[Records from a dataset]
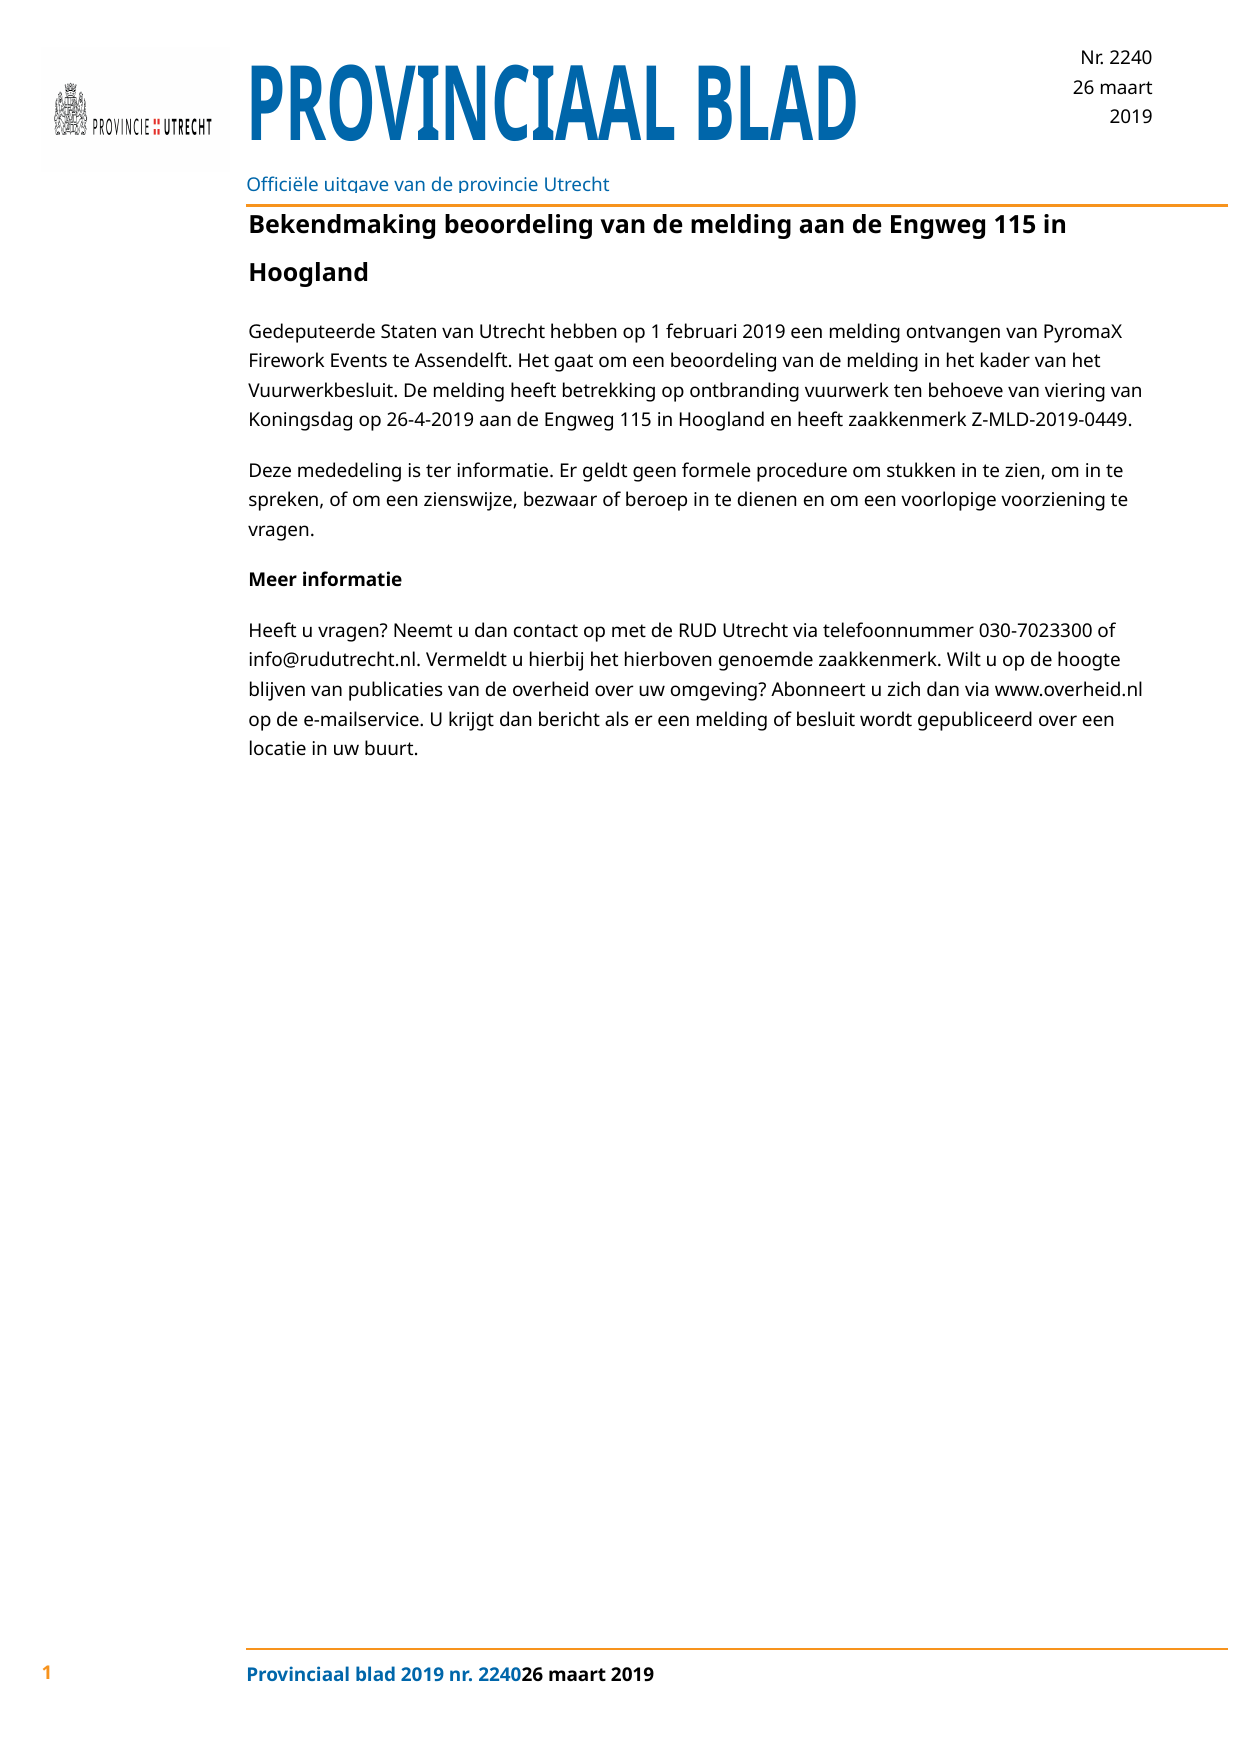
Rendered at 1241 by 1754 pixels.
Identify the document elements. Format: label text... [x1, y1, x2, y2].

text Heeft u vragen? Neemt u dan contact op met de RUD Utrecht via telefoonnummer 030-7023300 of info@rudutrecht.nl. Vermeldt u hierbij het hierboven genoemde zaakkenmerk. Wilt u op de hoogte blijven van publicaties van de overheid over uw omgeving? Abonneert u zich dan via www.overheid.nl op de e-mailservice. U krijgt dan bericht als er een melding of besluit wordt gepubliceerd over een locatie in uw buurt. [248, 617, 1152, 761]
text Bekendmaking beoordeling van de melding aan de Engweg 115 in Hoogland [248, 207, 1152, 288]
text Gedeputeerde Staten van Utrecht hebben op 1 februari 2019 een melding ontvangen van PyromaX Firework Events te Assendelft. Het gaat om een beoordeling van de melding in het kader van het Vuurwerkbesluit. De melding heeft betrekking op ontbranding vuurwerk ten behoeve van viering van Koningsdag op 26-4-2019 aan de Engweg 115 in Hoogland en heeft zaakkenmerk Z-MLD-2019-0449. [248, 318, 1152, 432]
picture [41, 47, 231, 172]
text Meer informatie [248, 567, 1152, 592]
text Deze mededeling is ter informatie. Er geldt geen formele procedure om stukken in te zien, om in te spreken, of om een zienswijze, bezwaar of beroep in te dienen en om een voorlopige voorziening te vragen. [248, 457, 1152, 542]
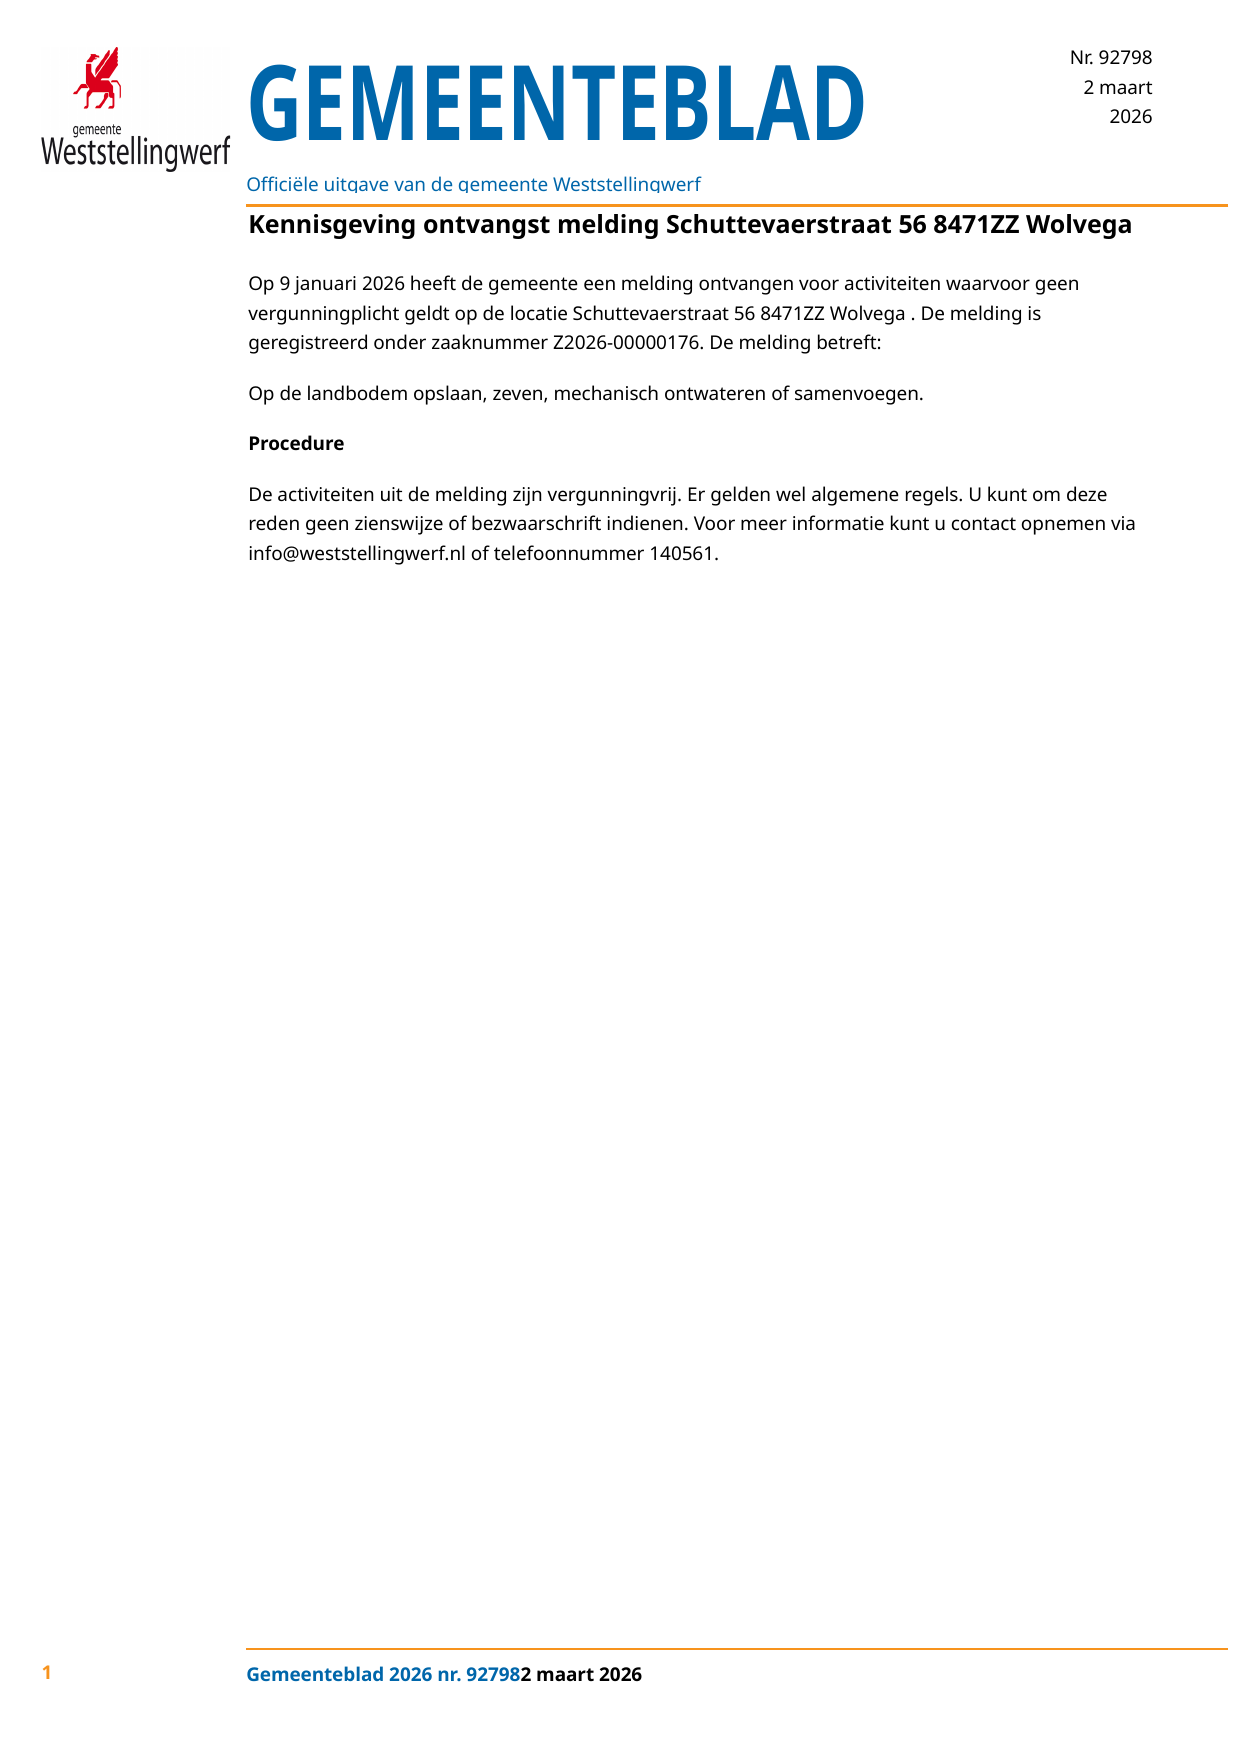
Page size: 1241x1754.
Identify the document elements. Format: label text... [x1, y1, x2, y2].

text Procedure [248, 430, 1152, 456]
text Kennisgeving ontvangst melding Schuttevaerstraat 56 8471ZZ Wolvega [248, 207, 1152, 241]
text Op de landbodem opslaan, zeven, mechanisch ontwateren of samenvoegen. [248, 380, 1152, 406]
text De activiteiten uit de melding zijn vergunningvrij. Er gelden wel algemene regels. U kunt om deze reden geen zienswijze of bezwaarschrift indienen. Voor meer informatie kunt u contact opnemen via info@weststellingwerf.nl of telefoonnummer 140561. [248, 481, 1152, 566]
picture [41, 47, 231, 172]
text Op 9 januari 2026 heeft de gemeente een melding ontvangen voor activiteiten waarvoor geen vergunningplicht geldt op de locatie Schuttevaerstraat 56 8471ZZ Wolvega . De melding is geregistreerd onder zaaknummer Z2026-00000176. De melding betreft: [248, 270, 1152, 355]
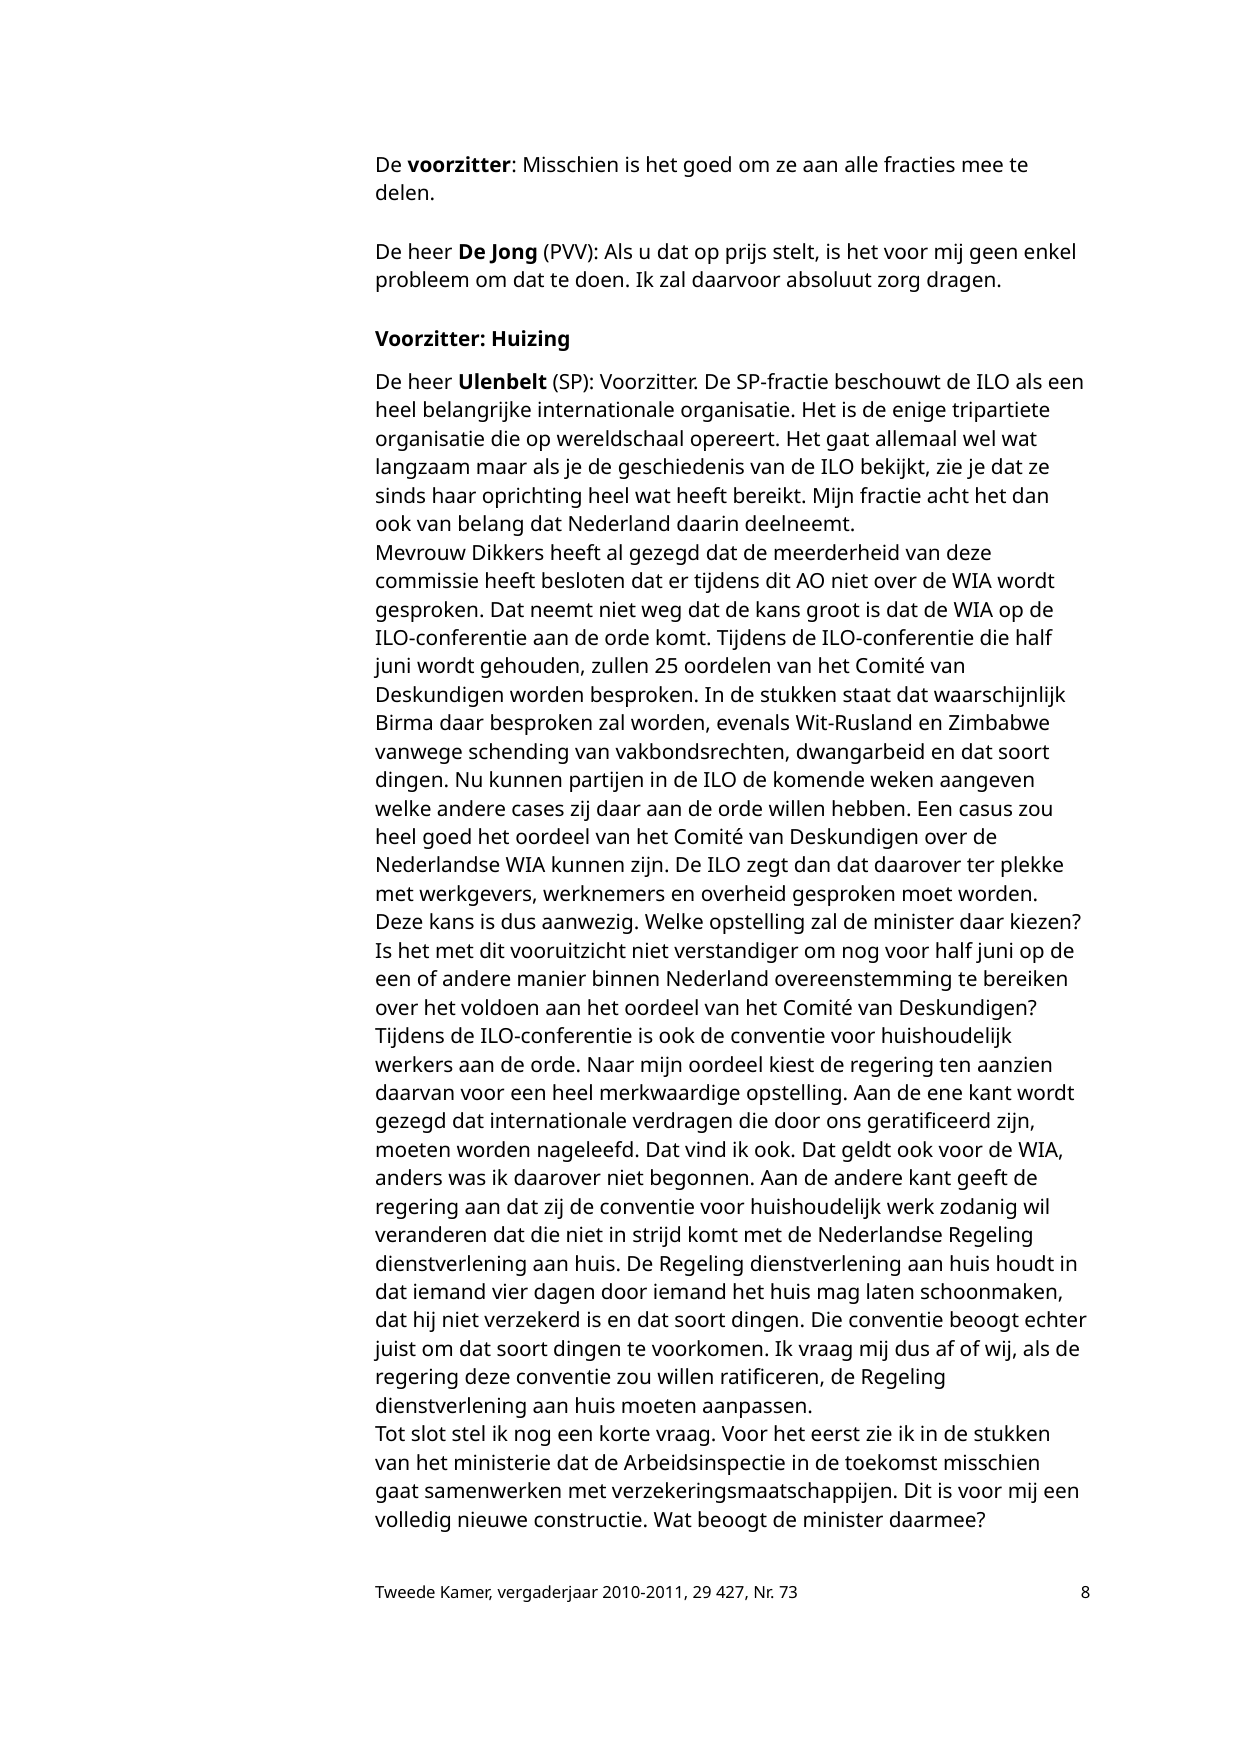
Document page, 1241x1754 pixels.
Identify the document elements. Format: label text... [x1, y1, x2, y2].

TASK: Could the entries above be written out word for word, pictures excluded?

RESULT OF THIS TASK:
Rendered at 1241 by 1754 pixels.
Identify the document elements. Format: label text... [x1, y1, x2, y2].

text Heeft u vragen? Neemt u dan contact op met de RUD Utrecht via telefoonnummer 030-7023300 of info@rudutrecht.nl. Vermeldt u hierbij het hierboven genoemde zaakkenmerk. Wilt u op de hoogte blijven van publicaties van de overheid over uw omgeving? Abonneert u zich dan via www.overheid.nl op de e-mailservice. U krijgt dan bericht als er een melding of besluit wordt gepubliceerd over een locatie in uw buurt. [248, 617, 1152, 761]
text Bekendmaking beoordeling van de melding aan de Engweg 115 in Hoogland [248, 207, 1152, 288]
text Gedeputeerde Staten van Utrecht hebben op 1 februari 2019 een melding ontvangen van PyromaX Firework Events te Assendelft. Het gaat om een beoordeling van de melding in het kader van het Vuurwerkbesluit. De melding heeft betrekking op ontbranding vuurwerk ten behoeve van viering van Koningsdag op 26-4-2019 aan de Engweg 115 in Hoogland en heeft zaakkenmerk Z-MLD-2019-0449. [248, 318, 1152, 432]
picture [41, 47, 231, 172]
text Meer informatie [248, 567, 1152, 592]
text Deze mededeling is ter informatie. Er geldt geen formele procedure om stukken in te zien, om in te spreken, of om een zienswijze, bezwaar of beroep in te dienen en om een voorlopige voorziening te vragen. [248, 457, 1152, 542]
Page size: 1241x1754.
Identify the document elements. Format: label text... [x1, y1, x2, y2].

text Procedure [248, 430, 1152, 456]
text Kennisgeving ontvangst melding Schuttevaerstraat 56 8471ZZ Wolvega [248, 207, 1152, 241]
text Op de landbodem opslaan, zeven, mechanisch ontwateren of samenvoegen. [248, 380, 1152, 406]
text De activiteiten uit de melding zijn vergunningvrij. Er gelden wel algemene regels. U kunt om deze reden geen zienswijze of bezwaarschrift indienen. Voor meer informatie kunt u contact opnemen via info@weststellingwerf.nl of telefoonnummer 140561. [248, 481, 1152, 566]
picture [41, 47, 231, 172]
text Op 9 januari 2026 heeft de gemeente een melding ontvangen voor activiteiten waarvoor geen vergunningplicht geldt op de locatie Schuttevaerstraat 56 8471ZZ Wolvega . De melding is geregistreerd onder zaaknummer Z2026-00000176. De melding betreft: [248, 270, 1152, 355]
Document page, 1241x1754 pixels.
Identify the document elements. Format: label text... [x1, y1, x2, y2].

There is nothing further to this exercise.